NEW YORK (CBSNewYork) -- A luxury car that has seen better days is proving to be a neighborhood nuisance in the Greenpoint section of Brooklyn.
It's unsightly and also has a foul smell.
So why hasn't the city towed it?
CBS2's Marcia Kramer demanded answers.
It has a gold grill and gold hubcaps, but even though it has been parked on the streets of Greenpoint for days no one has tried to vandalize it.
"It's ugly. It's unsightly and it shouldn't be here," resident Frank Farrell said.
"That's a disgrace," resident Veronica Ulino added, "to leave something like that. It is spoiling this whole wonderful neighborhood."
"It's a distraction. It takes up a lot of parking space. I wish they would tow it," another person said.
They are talking about a white luxury car with plastic covering a number of broken windows that, locals say, is the residence of a homeless person. It's chock-full of garbage, food, clothes, stuffed animals, jumper cables and even some religious books.
The car is not only an eyesore, but the stench is unbelievable. You can smell it from across the street and down the block, CBS2's Kramer reported.

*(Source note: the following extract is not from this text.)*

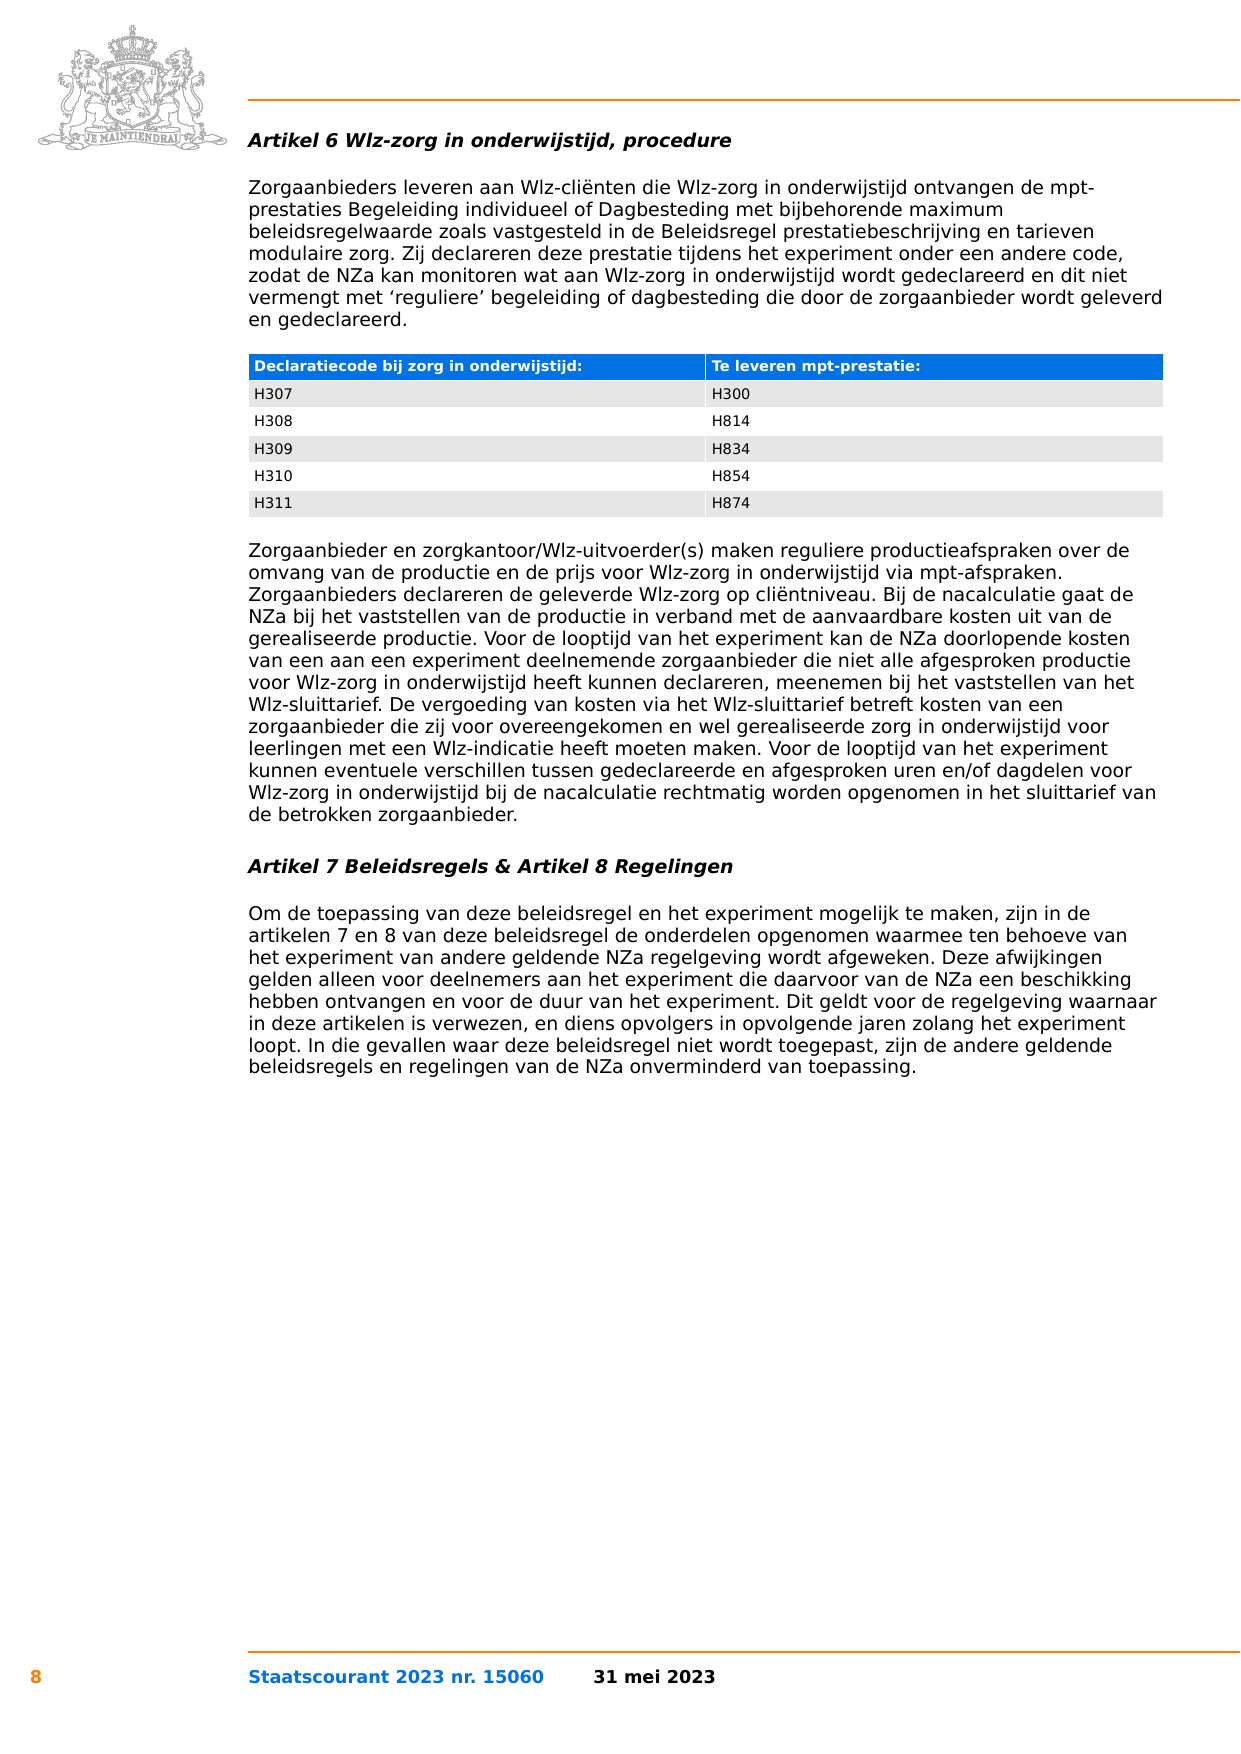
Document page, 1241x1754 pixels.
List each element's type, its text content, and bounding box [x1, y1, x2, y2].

Neighbors have complained to police at the 94th Precinct, which is only two blocks away. One resident told Kramer cops told her their hands were tied, because although they found a homeless person living there, nothing illegal was going on.
They said it was a problem for the Department of Sanitation.
"It has no ticket on it," Farrell said. "Maybe you can get someone to give it a ticket."
Kramer demanded answers, first calling the NYPD and then the Department of Sanitation.
The answers she received gave new meaning to the term "bureaucracy."
You see, when the complaints first came in to the precinct the car had a Pennsylvania license plate on it. It seems you can't tow a car with a license plate. But when Kramer went to Greenpoint on Tuesday there were no plates on the car, and that made all the difference.
The Department of Sanitation not only sent a supervisor to check out the car, it tagged it as a derelict vehicle.
"It's a derelict vehicle and I really cant talk to the press on this," the supervisor said. "They just told me to come down, make sure it's tagged and take pictures."
The Department of Sanitation claims the car will be towed away Wednesday.
The department said New Yorkers can report abandoned vehicles left on public property for at least 48 hours by calling 311.